Maria Luisa Angela Martinez de Leon-Rivera (born August 22, 1979), better known as Angelu de Leon, is a Filipino actress and politician.

Early and personal life
Angelu de Leon is the youngest daughter of Luis and Flora de Leon. She attended St. Joseph's College, Holy Spirit and Siena College. She made her first commercial, without her father's knowledge, when she was just ten years old. Her father eventually gave his blessing to her acting career before his death from colon cancer.

In 2016, De Leon disclosed that she had been diagnosed with Bell's palsy in 2009.

Acting career
De Leon started television acting at the age of 12. She was discovered by Johnny Manahan for a kiddie gag show Ang TV, aired on ABS-CBN. She shared screen time with Claudine Barretto, Jolina Magdangal and Rica Peralejo. After about a year on the said youth-oriented comedy variety-show, she signed up with Viva Films and transferred to GMA Network to do a sitcom called Ober Da Bakod with Janno Gibbs and Anjo Yllana.

De Leon also joined the movies, where she mostly played younger sister to more established stars. Among her early roles were appearances in Sharon Cuneta's Di na natuto; with Ana Roces, Vina Morales, and Donna Cruz in Kadenang Bulaklak; opposite Mikee Cojuangco in Forever, with Robin Padilla in P're Hanggang Sa Huli; and opposite Alice Dixson in Okey Si Ma'am.
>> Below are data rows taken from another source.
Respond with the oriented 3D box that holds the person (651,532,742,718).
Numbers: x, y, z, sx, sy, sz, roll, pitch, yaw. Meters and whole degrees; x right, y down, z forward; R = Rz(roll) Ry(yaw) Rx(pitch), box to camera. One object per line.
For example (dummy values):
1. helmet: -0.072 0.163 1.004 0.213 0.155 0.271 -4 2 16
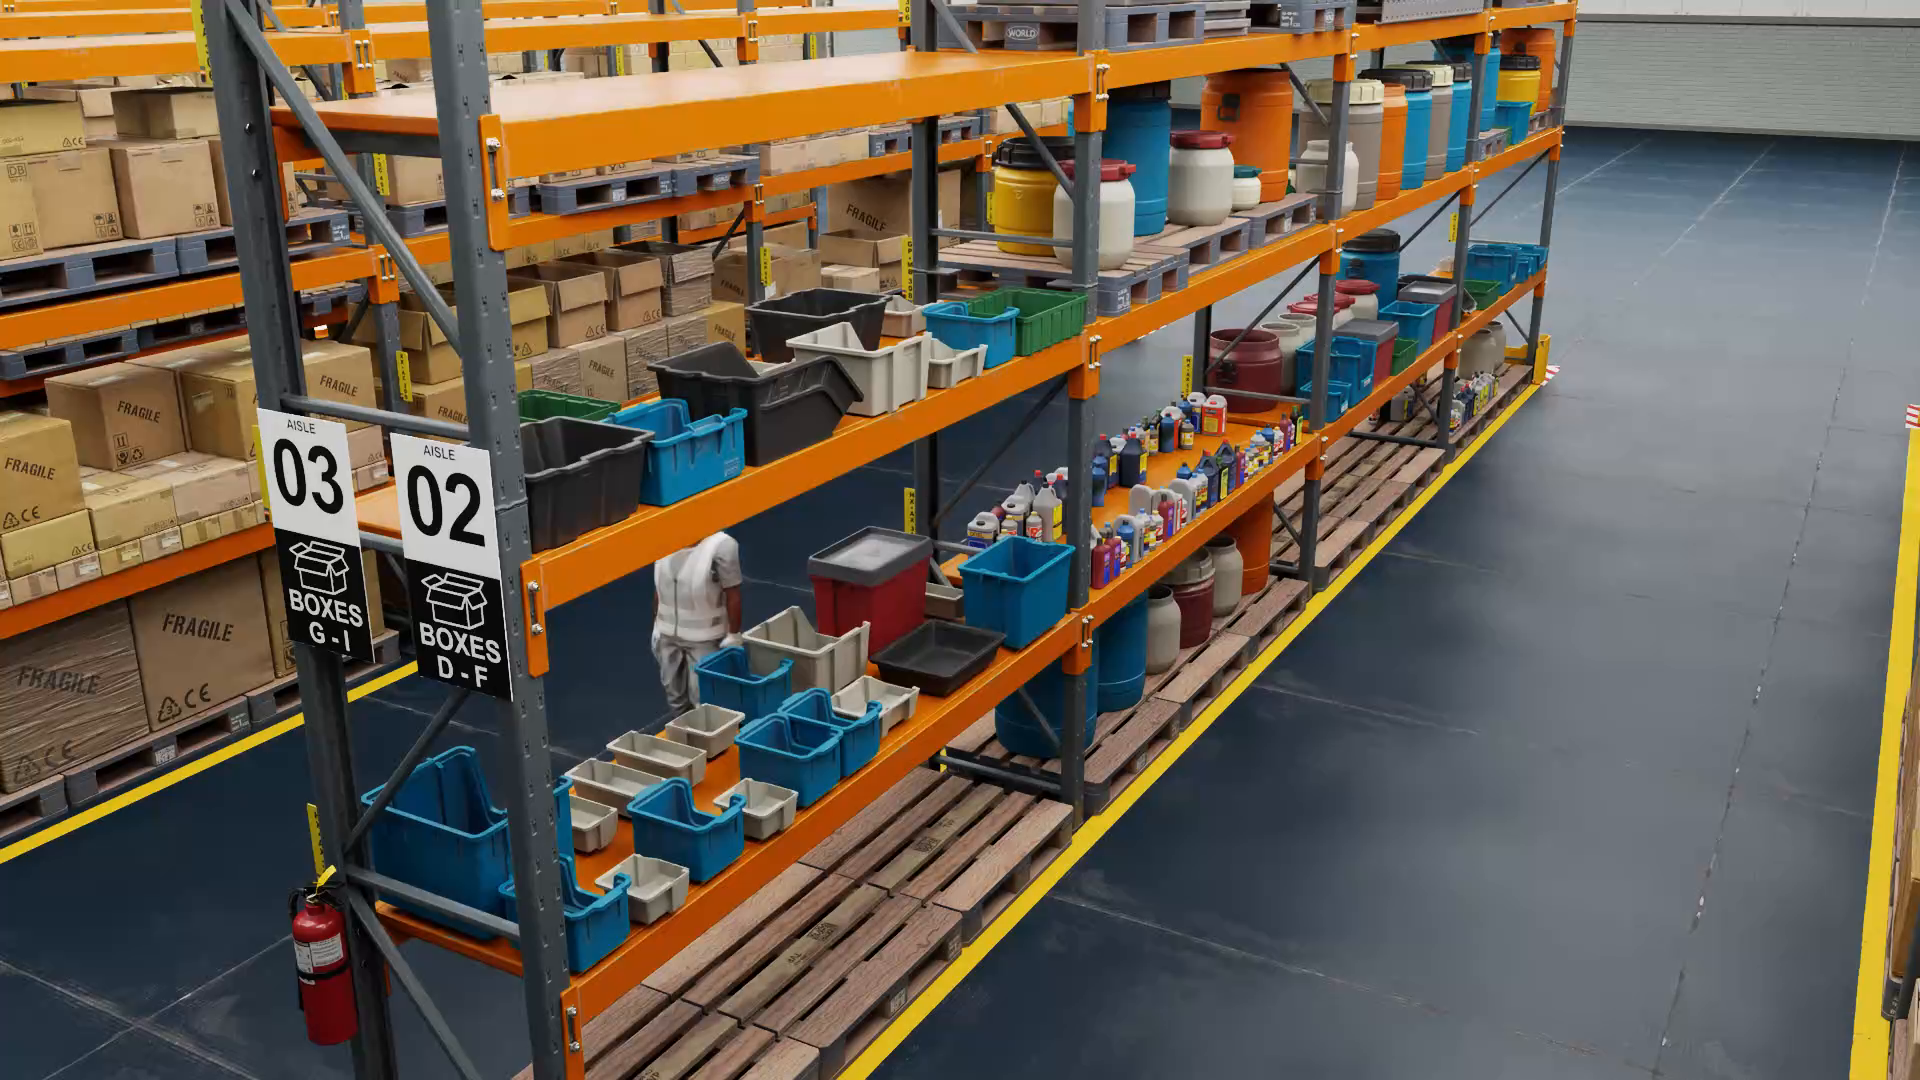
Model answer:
1. person: -1.499 0.496 9.448 0.560 1.712 0.481 10 21 25

In 1995, de Leon got her break when she was included in teen oriented shows like T.G.I.S. (Thank God It's Sabado) and Growing Up with Onemig Bondoc, Ciara Sotto, Raven Villanueva, Michael Flores, Rica Peralejo and Red Sternberg. These shows gave her a chance to team up with Bobby Andrews, and their partnership became one of the hottest onscreen love teams of her generation in the mid-1990s.  Among the noted Angelu-Bobby team-up movies were: Silaw, Takot Ka Ba Sa Dilim, T.G.I.S.: The Movie, Laging Naroon Ka, and Wala Na Bang Pag-ibig as well as their first drama series Ikaw Na Sana, which was also turned into a movie. In the early part of 1998 at the peak of her career, de Leon became pregnant by action star Joko Diaz. As a result, she had to go on maternity leave while the projects she had lined up got shelved or were passed on to other young stars. Despite being a young mother, she managed to come back from the career slump and accept mature roles assigned to her by Viva. She was on her way back to lead star status when she got pregnant again in 2001 by businessman Jojo Manlongat. De Leon has also shown her acting prowess in numerous movies and drama series. Among her appearances have been: Ikaw Na Sana (with Bobby Andrews and Gladys Reyes), Sana Ay Ikaw Na Nga (with Dingdong Dantes and Tanya Garcia), Ang Lahat Ng Ito'y Para Sayo (with Andrews), May Bukas Pa (with Dina Bonnevie and Cherie Gil), Abandonada (with Maricel Soriano and Edu Manzano), Aishite Imasu 1941: Mahal Kita (with Judy Ann Santos) and Paupahan (with Snooky Serna and Gloria Romero).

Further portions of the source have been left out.